Israeli Filmmaker Works Around Boycott to Reach U.K. Film Festival

Yoav Hornung's film was accepted into a prestigious festival in Britain, but the organizers refused to let Israeli embassy cover his travel expenses.

An Israeli filmmaker's online appeal succeeded in raising money for him to attend a prestigious film festival in Britain, after festival organizers boycotted an offer by the Israeli embassy to cover his travel expenses.

Though Yoav Hornung's movie Deserted was selected for a screening in the Encounters short film festival, festival organizers said the decision to reject the funding was made to protest Israel's actions in the Gaza Strip, the Jewish Chronicle reported.

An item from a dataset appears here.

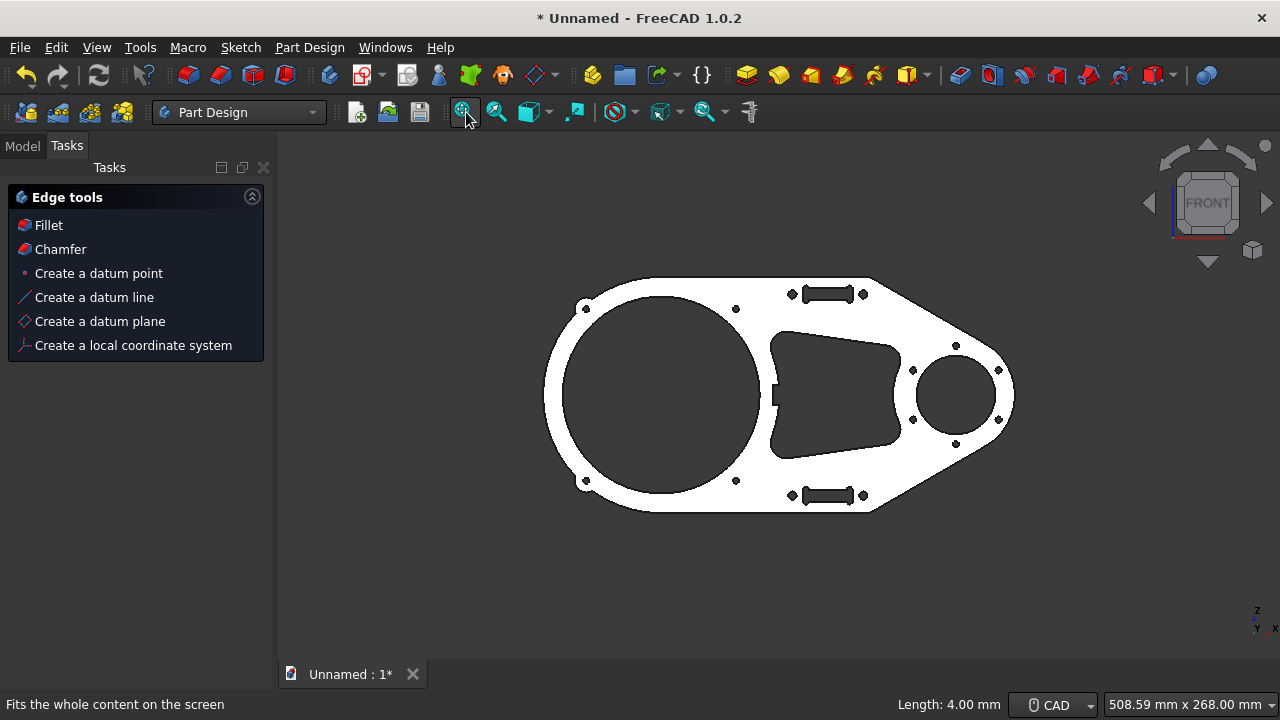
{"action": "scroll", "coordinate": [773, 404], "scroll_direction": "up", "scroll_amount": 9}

However, festival director Debbi Lander said that the rejection of the embassy's funds would not affect the screening, which would go ahead as planned, and that Hornung was still invited to attend.

Hornung, lacking the means to reach Bristol on his own and without the embassy's support, launched an online petition on the crowdfunding website IndieGoGo, appealing for $1,500:  "Help us attend the festival despite (and because) its Israeli Embassy boycott," read the appeal's opening line.

After only three days the appeal raised about $1,600, paving the way for Hornung and his lead actress Yaara Peltzig to reach Bristol.

"I received one very generous donation of $1,000 [about £600} by someone who wanted to remain anonymous. Others gave what they could. I'm very grateful for all the donations," Hornung told the Jewish Chronicle.

In his crowdfunding appeal, Hornung said that though he does not plan on using the festival to make a "political speech," he intends to show that a "political situation should not harm art."

His film, which focuses on "two Israeli female soldiers, in their final drill of officers school," Hornung told the Chronicle, "is not a pro-Israeli or a pro-Palestine film. It's a fictional work that anyone can relate to. It's about morality, human values and decision making."

Responding to the original report of the boycott the Israeli funding of the film, President of the Bristol Hebrew Congregation Alex Schlesinger said the decision was a "great disappointment."

"It really tells us that the mob on the street controls what happens at film and arts festivals," he told the BBC.

On the other side, Kamel Hawwash, vice chairman of Palestine Solidarity Campaign, expressed his support for the festival's decision, saying their decision accords with the call for Boycott, Divestment and Sanctions on Israel, which includes a cultural boycott as well.